Hey I placed an order with them and sent my money order in a little over a week ago and on there website is says they are still awaiting payment. Does anyone know how long it will take. I sent the money order from US


----------



## That crazy vancouver guy (Feb 5, 2008)

I would give it up to 3 weeks to get there, and then you still gotta wait for a reply...u just gotta wait, man. unfortunately, that's all u can do. check if they've cashed the money order yet. if they have, you've got a package on the way...unless the Man intercepts it....


----------



## akirahz (Feb 5, 2008)

i used a prepaid visa and it took 22 days to get here from seedboutique, i can only imagine the long wait you have since you used a money order


----------



## I'ma Joker Midnight Toker (Feb 5, 2008)

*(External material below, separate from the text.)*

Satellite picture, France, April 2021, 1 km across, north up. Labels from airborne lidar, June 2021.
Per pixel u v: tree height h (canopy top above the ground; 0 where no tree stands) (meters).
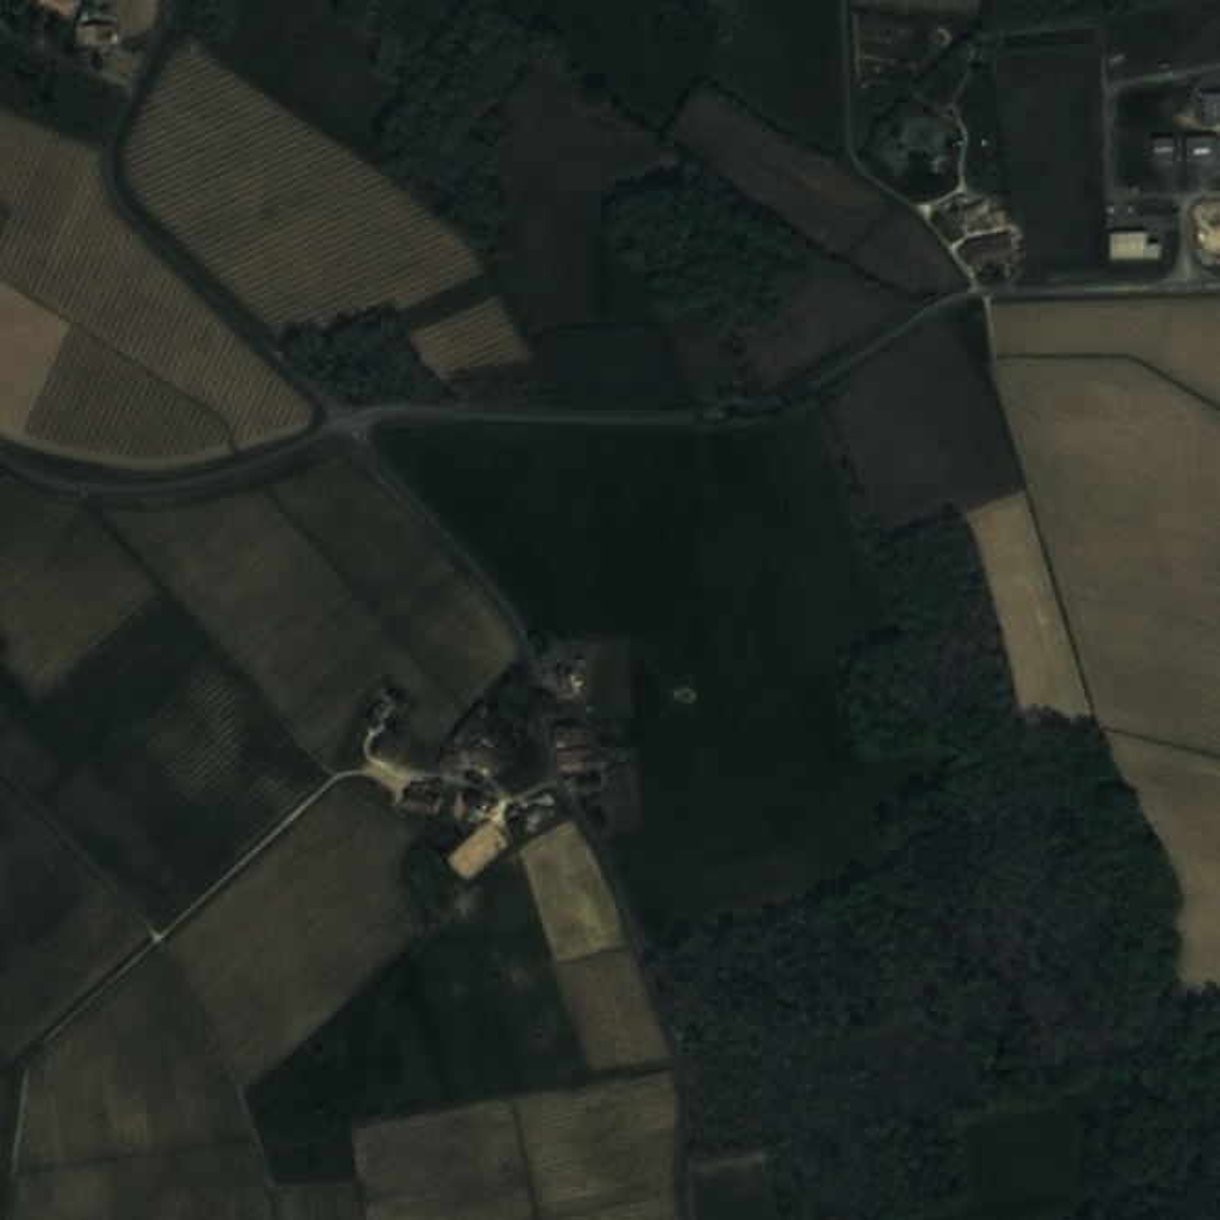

If it helps I used Highgrade-seeds, overnighted with cash and had my seeds in a week...


----------



## longtimegrower (Feb 7, 2008)

Hey master i have gotten my order from seedbotique and it would still say awaiting payment. They may be on the way now. Did you get an email or anything. Slim


----------



## masterblaster26 (Feb 11, 2008)

so its been a little over 2 weeks and still no word. any idea's. still havent got an e-mail from them


----------



## benamucc (Feb 11, 2008)

I was 11 days using a prepay cc too.  They were pretty responsive on the email I had sent them, but it was just to thank them for their service, and let them know I had recieved the order.


----------



## doctorvapor (Feb 11, 2008)

I ordered on the 3rd of this month and i got my $EED$ today.I got a cheap mandala mix to test the waters first before i spend a bunch of dough.
seed boutique was fast and had great customer service.
im in the north east of  the U.S. for anyone wondering about seeds.
this was my first time buying.hmmm.....what should i $$$ next.


----------



## kasgrow (Feb 11, 2008)

masterblaster26 said:
			
		

> so its been a little over 2 weeks and still no word. any idea's. still havent got an e-mail from them


I hope they get your money order alright. I don't mean to bring you down but the same thing happened to me last year. It still says on their web site awaiting payment. That is why I won't use a money order again. I think somebody must have stolen it out of the mail because it was cashed. I lost out. I just recently ordered from seedboutique again using a credit card and got my seeds in eight days. I just placed another order this weekend and got an email today saying my order was sent in full. 
Good luck bro.


----------



## SmokinMom (Feb 12, 2008)

Last year about this time I ordered thru Beed Boutique.  I even sent them cash because they didn't take credit cards back then.  It took about 3 weeks before my order came in.  So don't give up hope just yet.


----------